Por Paulo Pagliusi, Ph.D., CISM, C|CISO. #ComandanteCibernetico

Paulo Pagliusi, Ph.D. in Information Security

1. Introdução

A tecnologia alterou a maneira como os negócios são feitos e, com ataques virtuais cada vez mais sofisticados, os riscos cibernéticos são uma realidade nas companhias. Uma invasão hacker, vírus ou malware, acesso não autorizado à rede ou vazamento de dados de terceiros pode levar as empresas a acumular grandes prejuízos.

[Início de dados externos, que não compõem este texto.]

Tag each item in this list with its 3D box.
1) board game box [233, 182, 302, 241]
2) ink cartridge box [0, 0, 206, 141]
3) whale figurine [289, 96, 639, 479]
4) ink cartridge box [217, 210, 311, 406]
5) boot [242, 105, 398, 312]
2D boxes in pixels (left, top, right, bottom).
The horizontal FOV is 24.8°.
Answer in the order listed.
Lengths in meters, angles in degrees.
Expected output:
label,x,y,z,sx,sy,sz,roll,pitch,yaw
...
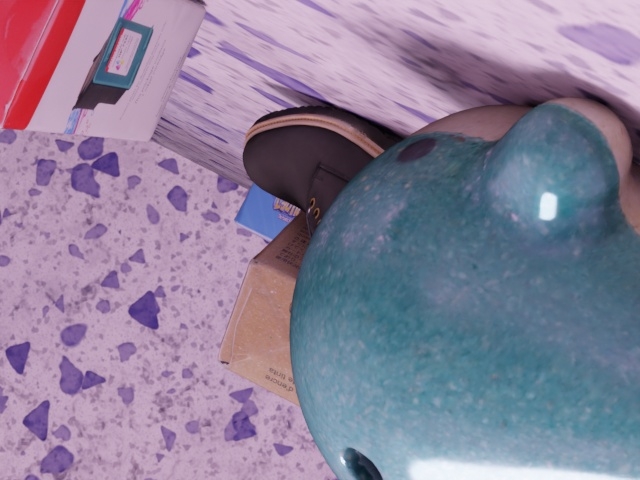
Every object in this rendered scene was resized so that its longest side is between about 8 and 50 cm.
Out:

À medida que a frequência e a gravidade dos ataques de ransomware, phishing e negação de serviço aumentaram, a demanda por seguro cibernético também aumentou. Cerca de US$ 6,5 bilhões em prêmios emitidos diretamente foram registrados em 2021, um aumento de 61% em relação ao ano anterior, de acordo com um memorando de outubro de 2022 da Associação Nacional de Comissários de Seguros, com sede nos EUA.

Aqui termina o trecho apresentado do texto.